# Existing 12/12 SLATE roof - How to safely paint dormer sides



## Roxy Remodeling (Aug 4, 2014)

Have to paint the sides on three dormers sticking out of a 12/12 SLATE roof -(this will be a rare event so I don't want to invest in anything expensive that I'll rarely use). I'm thinking of making temp toe boards on a sheet of OSB and 2x4s then hang that off the peak with 2x4s & 2x6s and adding two additional ropes (plan on using in my harness too). One man operation here - no way to get a cherry picker in the terraced yard nor is there a budget for it. Anyone have some tips on doing this. TIA Steve


----------



## overanalyze (Dec 28, 2010)

Rent a boom lift. Safest way I can think of for yourself and the roof.


----------



## JakethePainter (May 23, 2014)

I'd use a boom. If you cant get one into the courtyard then maybe you can get an articulating boom to reach up and over from the other side.


----------



## jaydee (Mar 20, 2014)

try these
http://www.ultimateridgehook.com/index.html

you can add roof brackets to the boards

they work great,


----------



## instock (Nov 17, 2012)

Last time I did dormers, I put my biggest ladder on the ground and laid it flat on the roof so it matched to roof pitch. Put some padding under so you don't scratch the roof. At that angle, it wouldn't hold any weight, so I used another ladder to get up. Once I was up there, the big ladder gave me something to get a foothold and I felt pretty safe.

The customer had actually hired another painter to paint the whole exterior. He painted everything EXCEPT the dormers. He just couldn't figure out how to do it. That's how I wound up with the job!


----------



## tenon0774 (Feb 7, 2013)

Roxy Remodeling said:


> Have to paint the sides on three dormers sticking out of a 12/12 SLATE roof -(this will be a rare event so I don't want to invest in anything expensive that I'll rarely use). I'm thinking of making temp toe boards on a sheet of OSB and 2x4s then hang that off the peak with 2x4s & 2x6s and adding two additional ropes (plan on using in my harness too). One man operation here - no way to get a cherry picker in the terraced yard nor is there a budget for it. Anyone have some tips on doing this.
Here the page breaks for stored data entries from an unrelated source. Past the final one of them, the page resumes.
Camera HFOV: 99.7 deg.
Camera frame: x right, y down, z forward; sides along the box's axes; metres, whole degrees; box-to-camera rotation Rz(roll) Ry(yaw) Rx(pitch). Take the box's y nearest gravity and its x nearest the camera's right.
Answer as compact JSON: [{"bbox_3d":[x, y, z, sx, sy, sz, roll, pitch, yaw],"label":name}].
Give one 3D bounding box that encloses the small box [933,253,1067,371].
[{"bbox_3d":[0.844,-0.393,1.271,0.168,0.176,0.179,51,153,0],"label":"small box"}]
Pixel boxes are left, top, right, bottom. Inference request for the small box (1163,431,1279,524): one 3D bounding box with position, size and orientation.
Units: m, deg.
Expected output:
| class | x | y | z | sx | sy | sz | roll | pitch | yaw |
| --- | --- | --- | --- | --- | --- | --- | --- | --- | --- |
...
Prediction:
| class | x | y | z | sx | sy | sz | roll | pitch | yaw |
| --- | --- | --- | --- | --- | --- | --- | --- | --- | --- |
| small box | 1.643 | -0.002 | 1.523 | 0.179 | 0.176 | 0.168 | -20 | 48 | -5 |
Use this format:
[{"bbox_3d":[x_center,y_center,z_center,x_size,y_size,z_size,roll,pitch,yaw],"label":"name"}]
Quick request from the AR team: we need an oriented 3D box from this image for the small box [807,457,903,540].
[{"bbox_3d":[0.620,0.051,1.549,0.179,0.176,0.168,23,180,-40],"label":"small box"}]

TIA Steve


If you don't have a roof hook, you might want to invest in one, although;

Plywood would distribute the weight better on old slate. (with or without the hook)


Chicken boards sound alright;

Just don't "Foghorn, Leghorn" the screws.


----------



## Warren (Feb 19, 2005)

I have made some osb with cleats like the op talked about. I called them

Roofease.

I tied them into the sub fascia using ledgerlocks.


----------



## griz (Nov 26, 2009)

Articulating Boom Lift....:thumbsup:

I do not understand why there is such an aversion to using equipment on a job when it makes the task at hand easier, quicker and safer.


----------



## Cmac9000 (Jan 7, 2014)

griz said:


> Articulating Boom Lift....:thumbsup: I do not understand why there is such an aversion to using equipment on a job when it makes the task at hand easier, quicker and safer.


No other choice but the right one here! Use the right tool for the job


----------



## avenge (Sep 25, 2008)

Turn down the job. I used to do some crazy, stupid, dangerous stuff but I don't do crap like that anymore unless the lift is being delivered and paid for as part of the estimate.


----------



## Twpaint (Aug 1, 2014)

avenge said:


> Turn down the job. I used to do some crazy, stupid, dangerous stuff but I don't do crap like that anymore unless the lift is being delivered and paid for as part of the estimate.


Bingo


----------



## jlsconstruction (Apr 26, 2011)




----------



## jb4211 (Jul 13, 2010)

First: that's way too high
Second: charge your battery, your at 20%


----------



## jlsconstruction (Apr 26, 2011)

jb4211 said:


> First: that's way too high Second: charge your battery, your at 20%



It'll go up and over a house


----------



## Tom Struble (Mar 2, 2007)

if it don't sink in the driveway..


----------



## jb4211 (Jul 13, 2010)

jlsconstruction said:


> It'll go up and over a house


Not with this guy in it


----------



## jlsconstruction (Apr 26, 2011)

Tom Struble said:


> if it don't sink in the driveway..



Then get this one and park it down the block :laughing:













I went on an 80' one one time, it's a little scary. But we have a 100' ladder truck at our fire department I've been in countless times with no problem, but that doesn't sway nearly as much


----------



## jb4211 (Jul 13, 2010)

Dude....wait a minute...You were on a ladder 100' in the air...sober....?


----------



## jlsconstruction (Apr 26, 2011)

jb4211 said:


> Dude....wait a minute...You were on a ladder 100' in the air...sober....?


In the bucket. I had my helmet on at least


----------



## jb4211 (Jul 13, 2010)

Not this guy
No way
They'd have to shoot me first


----------